» **To do**
Only the lines from the one with "Answer: 4 What" to the end of the data below should be given again, exactly as written.

+ + + + + + +

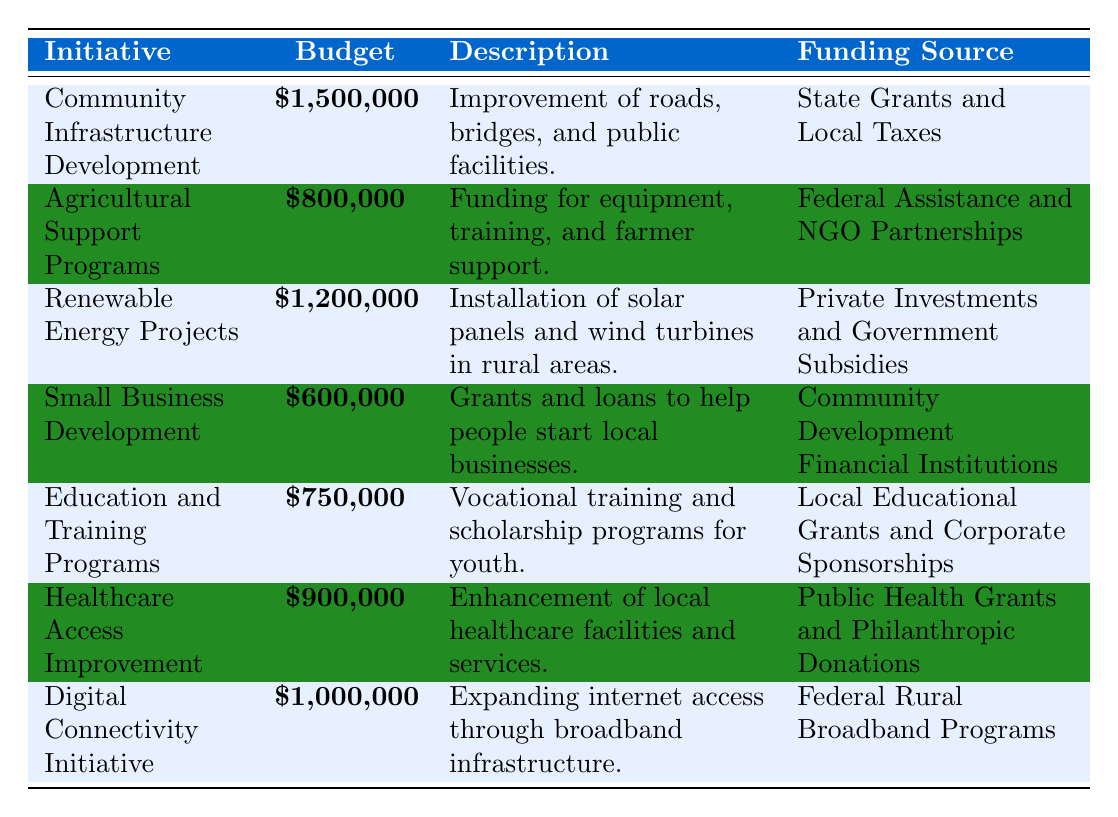What is the highest budget allocation in the table? The table lists various initiatives with their respective budget allocations. Scanning through the budget values, the highest is for "Community Infrastructure Development," which has a budget of \$1,500,000.
Answer: \$1,500,000 Which initiative has the lowest budget? The table clearly indicates the budget amounts for each initiative. The initiative with the lowest budget is "Small Business Development," with an allocation of \$600,000.
Answer: \$600,000 How much total budget is allocated for Renewable Energy Projects and Digital Connectivity Initiative combined? To find the total for both initiatives, we first identify their budget amounts, which are \$1,200,000 for Renewable Energy Projects and \$1,000,000 for Digital Connectivity Initiative. Summing these gives \$1,200,000 + \$1,000,000 = \$2,200,000.
Answer: \$2,200,000 Is the funding source for the Healthcare Access Improvement initiative provided by private investments? The funding source for "Healthcare Access Improvement" is noted as "Public Health Grants and Philanthropic Donations," which are not private investments. Thus, the statement is false.
Answer: No What is the average budget allocation for the initiatives listed in the table? There are 7 initiatives listed in the table with the corresponding budgets: \$1,500,000, \$800,000, \$1,200,000, \$600,000, \$750,000, \$900,000, and \$1,000,000. Adding these gives \$1,500,000 + \$800,000 + \$1,200,000 + \$600,000 + \$750,000 + \$900,000 + \$1,000,000 = \$6,750,000. Dividing this total by the number of initiatives (7) gives an average of \$6,750,000 / 7 = \$964,285.71 (approximately).
Answer: \$964,285.71 If the budget for Agricultural Support Programs were increased by \$200,000, what would the new total budget allocation be? The current budget for Agricultural Support Programs is \$800,000. If this budget is increased by \$200,000, the new budget would be \$800,000 + \$200,000 = \$1,000,000. To find the new total budget allocation for all initiatives, we calculate the total from the original budgets (\$6,750,000) plus the increase, leading to \$6,750,000 + \$200,000 = \$6,950,000.
Answer: \$6,950,000 What percentage of the total budget is allocated for Education and Training Programs? The budget for "Education and Training Programs" is \$750,000. First, we find the total budget from all initiatives, which is \$6,750,000. The percentage is calculated by dividing the Education budget by the total budget and then multiplying by 100. Thus, (\$750,000 / \$6,750,000) × 100 = approximately 11.11%.
Answer: 11.11% 
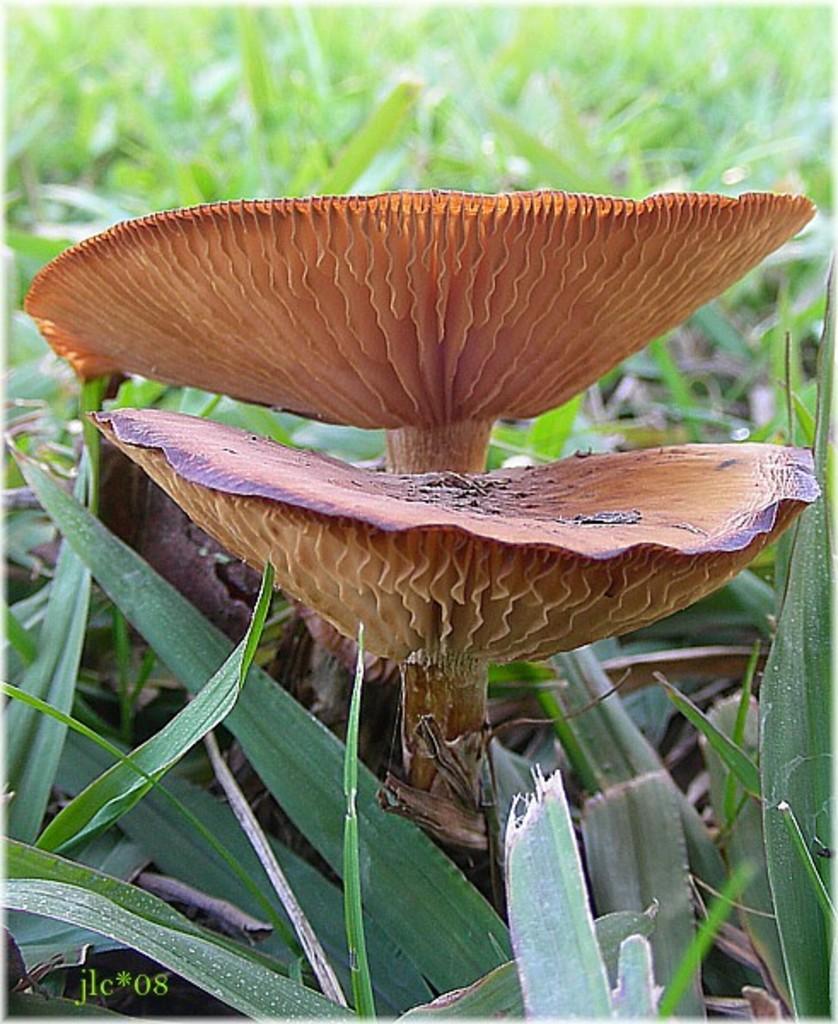Please provide a concise description of this image. In this image we can see a grassy land. There are two mushrooms in the image. 
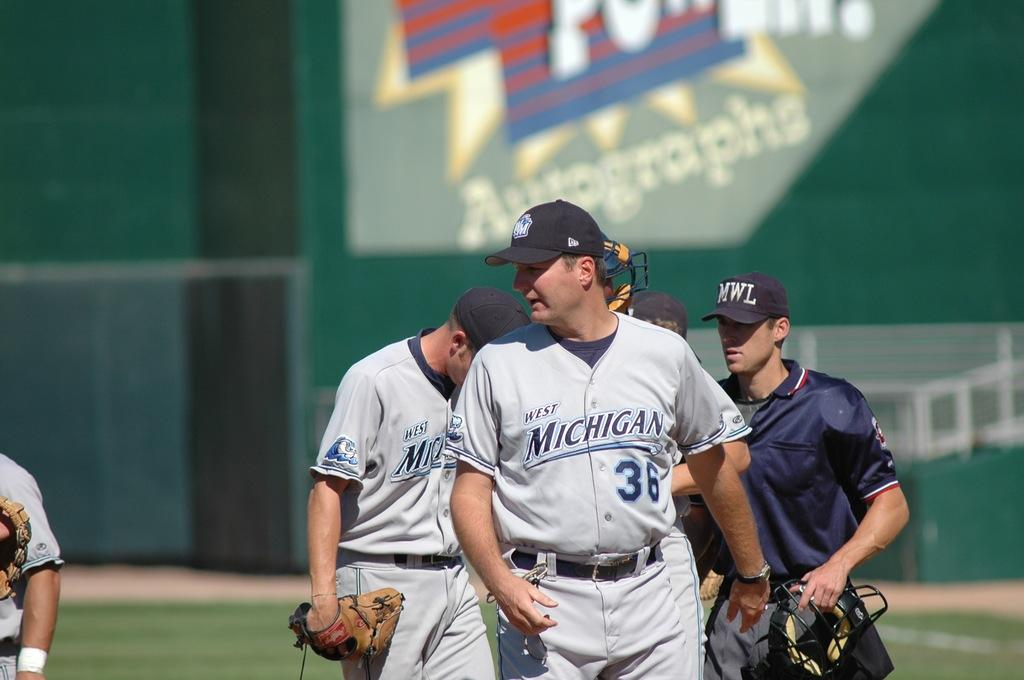<image>
Create a compact narrative representing the image presented. baseball players from Michigan walk off a field 
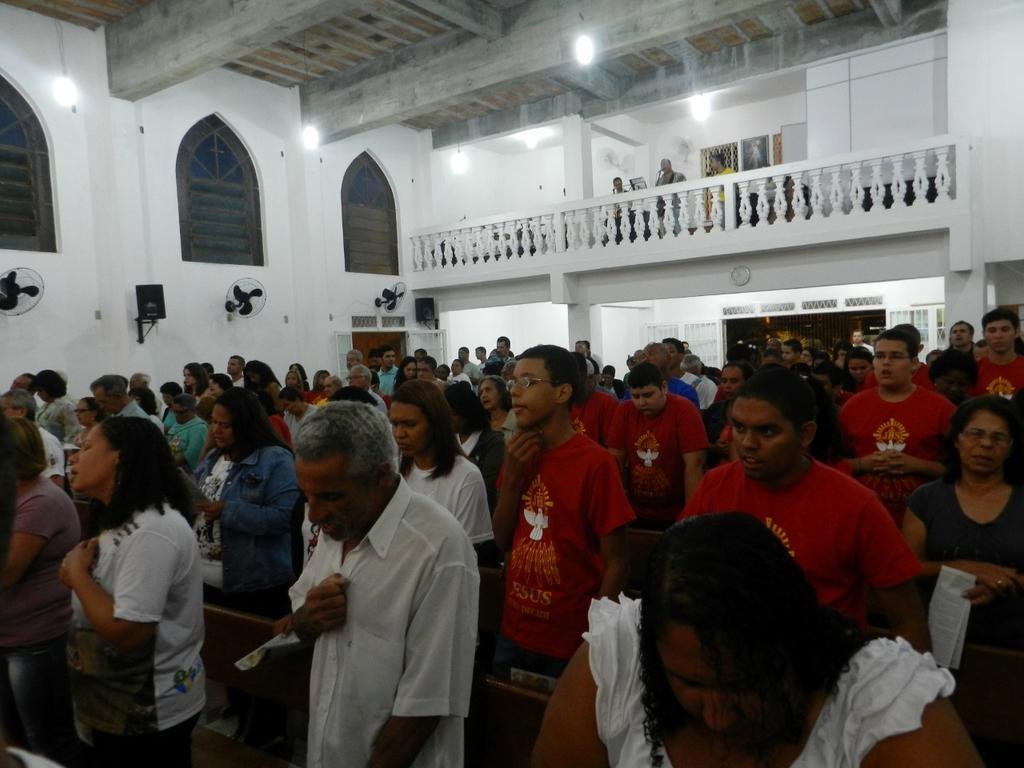In one or two sentences, can you explain what this image depicts? In this image we can see a crowd standing between benches on the floor. In the background we can see orchestra, clock, grill, wall, windows, speakers, fans attached to the wall and electric lights. 
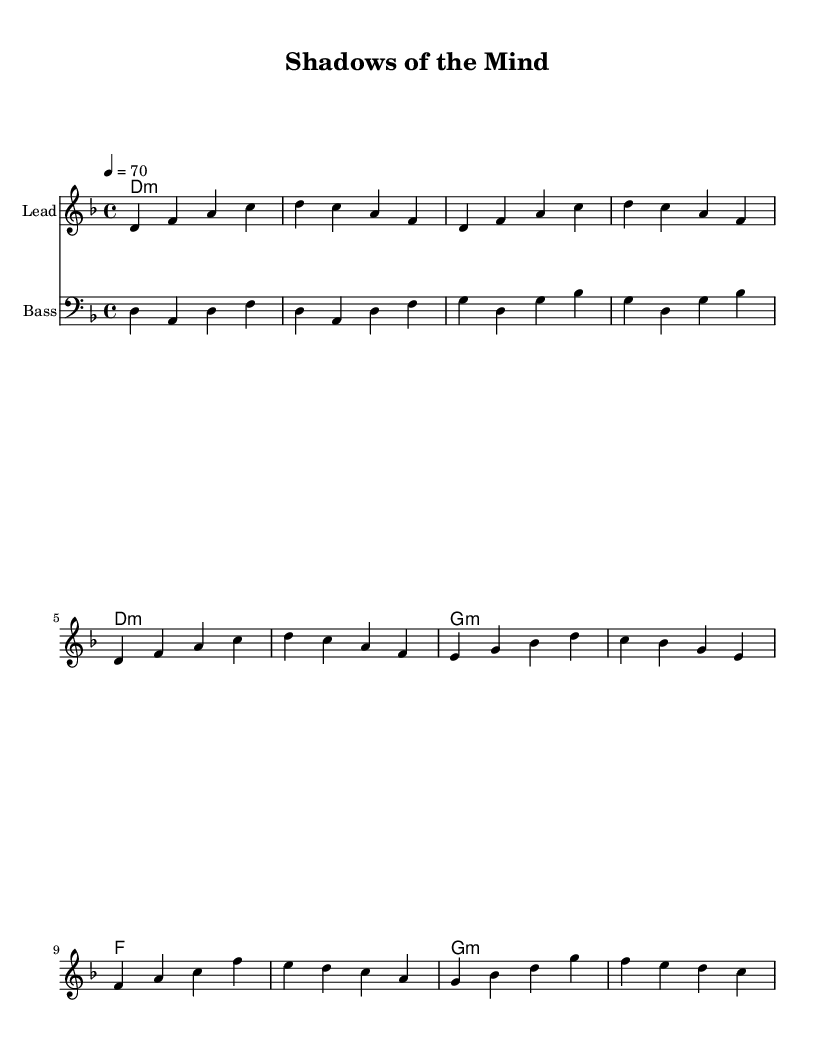What is the key signature of this music? The key signature is two flats, which indicates D minor. The presence of B flat accounts for the flat notes in the key signature.
Answer: D minor What is the time signature of this piece? The time signature is 4/4, meaning there are four beats in each measure and a quarter note gets one beat. This is often indicated at the beginning of the score.
Answer: 4/4 What is the tempo marking indicated in this sheet music? The tempo marking is a quarter note equals seventy beats per minute, which indicates the speed of the music. This is usually found at the beginning of the score.
Answer: 70 How many measures make up the intro section? The intro section consists of four measures, as seen in the first four lines of the melody. Each measure's separation indicates different musical phrases.
Answer: 4 What is the mode of the harmonies used in this piece? The harmonies are primarily in a minor mode, specifically indicating each chord's minor quality. This can be identified by the lowercase "m" next to the chord names.
Answer: Minor Which instrument plays the bassline? The bassline is designated for the bass instrument, indicated by the clef and the naming in the staff header. This is commonly denoted as "Bass."
Answer: Bass What is the structure of the music based on the segments? The structure of this music follows an intro, a verse, and a chorus, which is typical in song compositions. This can be deduced by looking at the labeled sections in the melody lines.
Answer: Intro, Verse, Chorus

+ + + + + + +

» **Result of the exercise**
Answer: 4 What is the mode of the harmonies used in this piece? The harmonies are primarily in a minor mode, specifically indicating each chord's minor quality. This can be identified by the lowercase "m" next to the chord names.
Answer: Minor Which instrument plays the bassline? The bassline is designated for the bass instrument, indicated by the clef and the naming in the staff header. This is commonly denoted as "Bass."
Answer: Bass What is the structure of the music based on the segments? The structure of this music follows an intro, a verse, and a chorus, which is typical in song compositions. This can be deduced by looking at the labeled sections in the melody lines.
Answer: Intro, Verse, Chorus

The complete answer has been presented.